Task statement: What lines in the listing include "high"? Return a copy of each.
----
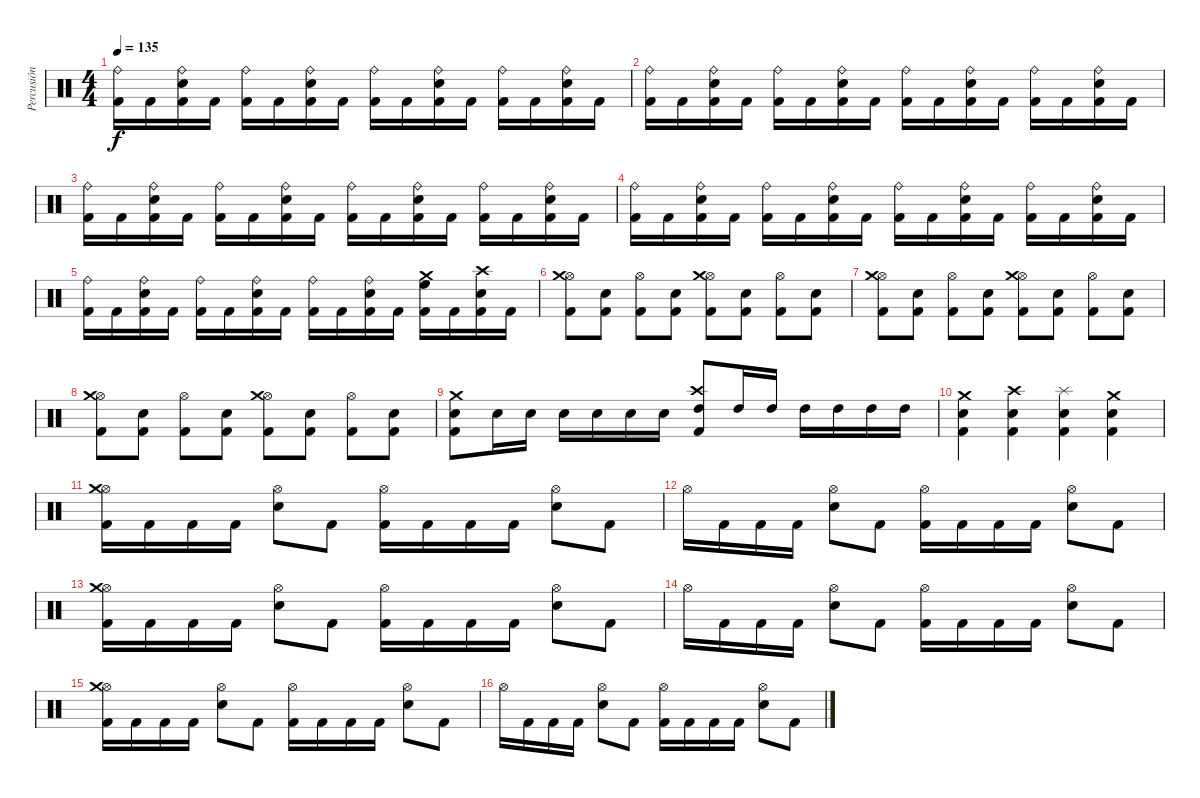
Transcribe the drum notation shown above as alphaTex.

\track ("Percusión" "Percusión") {instrument percussion}
\staff {score}
\articulation defaults
\ts (4 4)
\tempo 135
\clef neutral
\ks c
("Ride (bell)" "Kick (hit) 2").16{dy f} "Kick (hit) 2".16 ("Ride (bell)" "Snare (hit) 2" "Kick (hit) 2").16 "Kick (hit) 2".16 ("Ride (bell)" "Kick (hit) 2").16 "Kick (hit) 2".16 ("Ride (bell)" "Snare (hit) 2" "Kick (hit) 2").16 "Kick (hit) 2".16 ("Ride (bell)" "Kick (hit) 2").16 "Kick (hit) 2".16 ("Ride (bell)" "Snare (hit) 2" "Kick (hit) 2").16 "Kick (hit) 2".16 ("Ride (bell)" "Kick (hit) 2").16 "Kick (hit) 2".16 ("Ride (bell)" "Snare (hit) 2" "Kick (hit) 2").16 "Kick (hit) 2".16 |
("Ride (bell)" "Kick (hit) 2").16 "Kick (hit) 2".16 ("Ride (bell)" "Snare (hit) 2" "Kick (hit) 2").16 "Kick (hit) 2".16 ("Ride (bell)" "Kick (hit) 2").16 "Kick (hit) 2".16 ("Ride (bell)" "Snare (hit) 2" "Kick (hit) 2").16 "Kick (hit) 2".16 ("Ride (bell)" "Kick (hit) 2").16 "Kick (hit) 2".16 ("Ride (bell)" "Snare (hit) 2" "Kick (hit) 2").16 "Kick (hit) 2".16 ("Ride (bell)" "Kick (hit) 2").16 "Kick (hit) 2".16 ("Ride (bell)" "Snare (hit) 2" "Kick (hit) 2").16 "Kick (hit) 2".16 |
("Ride (bell)" "Kick (hit) 2").16 "Kick (hit) 2".16 ("Ride (bell)" "Snare (hit) 2" "Kick (hit) 2").16 "Kick (hit) 2".16 ("Ride (bell)" "Kick (hit) 2").16 "Kick (hit) 2".16 ("Ride (bell)" "Snare (hit) 2" "Kick (hit) 2").16 "Kick (hit) 2".16 ("Ride (bell)" "Kick (hit) 2").16 "Kick (hit) 2".16 ("Ride (bell)" "Snare (hit) 2" "Kick (hit) 2").16 "Kick (hit) 2".16 ("Ride (bell)" "Kick (hit) 2").16 "Kick (hit) 2".16 ("Ride (bell)" "Snare (hit) 2" "Kick (hit) 2").16 "Kick (hit) 2".16 |
("Ride (bell)" "Kick (hit) 2").16 "Kick (hit) 2".16 ("Ride (bell)" "Snare (hit) 2" "Kick (hit) 2").16 "Kick (hit) 2".16 ("Ride (bell)" "Kick (hit) 2").16 "Kick (hit) 2".16 ("Ride (bell)" "Snare (hit) 2" "Kick (hit) 2").16 "Kick (hit) 2".16 ("Ride (bell)" "Kick (hit) 2").16 "Kick (hit) 2".16 ("Ride (bell)" "Snare (hit) 2" "Kick (hit) 2").16 "Kick (hit) 2".16 ("Ride (bell)" "Kick (hit) 2").16 "Kick (hit) 2".16 ("Ride (bell)" "Snare (hit) 2" "Kick (hit) 2").16 "Kick (hit) 2".16 |
("Ride (bell)" "Kick (hit) 2").16 "Kick (hit) 2".16 ("Ride (bell)" "Snare (hit) 2" "Kick (hit) 2").16 "Kick (hit) 2".16 ("Ride (bell)" "Kick (hit) 2").16 "Kick (hit) 2".16 ("Ride (bell)" "Snare (hit) 2" "Kick (hit) 2").16 "Kick (hit) 2".16 ("Ride (bell)" "Kick (hit) 2").16 "Kick (hit) 2".16 ("Ride (bell)" "Snare (hit) 2" "Kick (hit) 2").16 "Kick (hit) 2".16 ("Crash medium (hit)" "High Floor Tom (hit)" "Kick (hit) 2").16 "Kick (hit) 2".16 ("Crash high (hit)" "Snare (hit) 2" "Kick (hit) 2").16 "Kick (hit) 2".16 |
("Hi-Hat (open)" "Crash medium (hit)" "Kick (hit) 2").8 ("Snare (hit) 2" "Kick (hit) 2").8 ("Hi-Hat (open)" "Kick (hit) 2").8 ("Snare (hit) 2" "Kick (hit) 2").8 ("Hi-Hat (open)" "Crash medium (hit)" "Kick (hit) 2").8 ("Snare (hit) 2" "Kick (hit) 2").8 ("Hi-Hat (open)" "Kick (hit) 2").8 ("Snare (hit) 2" "Kick (hit) 2").8 |
("Hi-Hat (open)" "Crash medium (hit)" "Kick (hit) 2").8 ("Snare (hit) 2" "Kick (hit) 2").8 ("Hi-Hat (open)" "Kick (hit) 2").8 ("Snare (hit) 2" "Kick (hit) 2").8 ("Hi-Hat (open)" "Crash medium (hit)" "Kick (hit) 2").8 ("Snare (hit) 2" "Kick (hit) 2").8 ("Hi-Hat (open)" "Kick (hit) 2").8 ("Snare (hit) 2" "Kick (hit) 2").8 |
("Hi-Hat (open)" "Crash medium (hit)" "Kick (hit) 2").8 ("Snare (hit) 2" "Kick (hit) 2").8 ("Hi-Hat (open)" "Kick (hit) 2").8 ("Snare (hit) 2" "Kick (hit) 2").8 ("Hi-Hat (open)" "Crash medium (hit)" "Kick (hit) 2").8 ("Snare (hit) 2" "Kick (hit) 2").8 ("Hi-Hat (open)" "Kick (hit) 2").8 ("Snare (hit) 2" "Kick (hit) 2").8 |
("Crash medium (hit)" "Snare (hit) 2" "Kick (hit) 2").8 "Snare (hit) 2".16 "Snare (hit) 2".16 "Snare (hit) 2".16 "Snare (hit) 2".16 "Snare (hit) 2".16 "Snare (hit) 2".16 ("Crash high (hit)" "High Tom (hit)" "Kick (hit) 2").8 "High Tom (hit)".16 "High Tom (hit)".16 "High Tom (hit)".16 "High Tom (hit)".16 "High Tom (hit)".16 "High Tom (hit)".16 |
("Crash medium (hit)" "Snare (hit) 2" "Kick (hit) 2").4 ("Crash high (hit)" "Snare (hit) 2" "Kick (hit) 2").4 ("Splash (hit)" "Snare (hit) 2" "Kick (hit) 2").4 ("Crash medium (hit)" "Snare (hit) 2" "Kick (hit) 2").4 |
("Hi-Hat (open)" "Crash medium (hit)" "Kick (hit) 2").16 "Kick (hit) 2".16 "Kick (hit) 2".16 "Kick (hit) 2".16 ("Hi-Hat (open)" "Electric Snare (hit)").8 "Kick (hit) 2".8 ("Hi-Hat (open)" "Kick (hit) 2").16 "Kick (hit) 2".16 "Kick (hit) 2".16 "Kick (hit) 2".16 ("Hi-Hat (open)" "Electric Snare (hit)").8 "Kick (hit) 2".8 |
"Hi-Hat (open)".16 "Kick (hit) 2".16 "Kick (hit) 2".16 "Kick (hit) 2".16 ("Hi-Hat (open)" "Electric Snare (hit)").8 "Kick (hit) 2".8 ("Hi-Hat (open)" "Kick (hit) 2").16 "Kick (hit) 2".16 "Kick (hit) 2".16 "Kick (hit) 2".16 ("Hi-Hat (open)" "Electric Snare (hit)").8 "Kick (hit) 2".8 |
("Hi-Hat (open)" "Crash medium (hit)" "Kick (hit) 2").16 "Kick (hit) 2".16 "Kick (hit) 2".16 "Kick (hit) 2".16 ("Hi-Hat (open)" "Electric Snare (hit)").8 "Kick (hit) 2".8 ("Hi-Hat (open)" "Kick (hit) 2").16 "Kick (hit) 2".16 "Kick (hit) 2".16 "Kick (hit) 2".16 ("Hi-Hat (open)" "Electric Snare (hit)").8 "Kick (hit) 2".8 |
"Hi-Hat (open)".16 "Kick (hit) 2".16 "Kick (hit) 2".16 "Kick (hit) 2".16 ("Hi-Hat (open)" "Electric Snare (hit)").8 "Kick (hit) 2".8 ("Hi-Hat (open)" "Kick (hit) 2").16 "Kick (hit) 2".16 "Kick (hit) 2".16 "Kick (hit) 2".16 ("Hi-Hat (open)" "Electric Snare (hit)").8 "Kick (hit) 2".8 |
("Hi-Hat (open)" "Crash medium (hit)" "Kick (hit) 2").16 "Kick (hit) 2".16 "Kick (hit) 2".16 "Kick (hit) 2".16 ("Hi-Hat (open)" "Electric Snare (hit)").8 "Kick (hit) 2".8 ("Hi-Hat (open)" "Kick (hit) 2").16 "Kick (hit) 2".16 "Kick (hit) 2".16 "Kick (hit) 2".16 ("Hi-Hat (open)" "Electric Snare (hit)").8 "Kick (hit) 2".8 |
"Hi-Hat (open)".16 "Kick (hit) 2".16 "Kick (hit) 2".16 "Kick (hit) 2".16 ("Hi-Hat (open)" "Electric Snare (hit)").8 "Kick (hit) 2".8 ("Hi-Hat (open)" "Kick (hit) 2").16 "Kick (hit) 2".16 "Kick (hit) 2".16 "Kick (hit) 2".16 ("Hi-Hat (open)" "Electric Snare (hit)").8 "Kick (hit) 2".8
----
Exercise result:
("Ride (bell)" "Kick (hit) 2").16 "Kick (hit) 2".16 ("Ride (bell)" "Snare (hit) 2" "Kick (hit) 2").16 "Kick (hit) 2".16 ("Ride (bell)" "Kick (hit) 2").16 "Kick (hit) 2".16 ("Ride (bell)" "Snare (hit) 2" "Kick (hit) 2").16 "Kick (hit) 2".16 ("Ride (bell)" "Kick (hit) 2").16 "Kick (hit) 2".16 ("Ride (bell)" "Snare (hit) 2" "Kick (hit) 2").16 "Kick (hit) 2".16 ("Crash medium (hit)" "High Floor Tom (hit)" "Kick (hit) 2").16 "Kick (hit) 2".16 ("Crash high (hit)" "Snare (hit) 2" "Kick (hit) 2").16 "Kick (hit) 2".16 |
("Crash medium (hit)" "Snare (hit) 2" "Kick (hit) 2").8 "Snare (hit) 2".16 "Snare (hit) 2".16 "Snare (hit) 2".16 "Snare (hit) 2".16 "Snare (hit) 2".16 "Snare (hit) 2".16 ("Crash high (hit)" "High Tom (hit)" "Kick (hit) 2").8 "High Tom (hit)".16 "High Tom (hit)".16 "High Tom (hit)".16 "High Tom (hit)".16 "High Tom (hit)".16 "High Tom (hit)".16 |
("Crash medium (hit)" "Snare (hit) 2" "Kick (hit) 2").4 ("Crash high (hit)" "Snare (hit) 2" "Kick (hit) 2").4 ("Splash (hit)" "Snare (hit) 2" "Kick (hit) 2").4 ("Crash medium (hit)" "Snare (hit) 2" "Kick (hit) 2").4 |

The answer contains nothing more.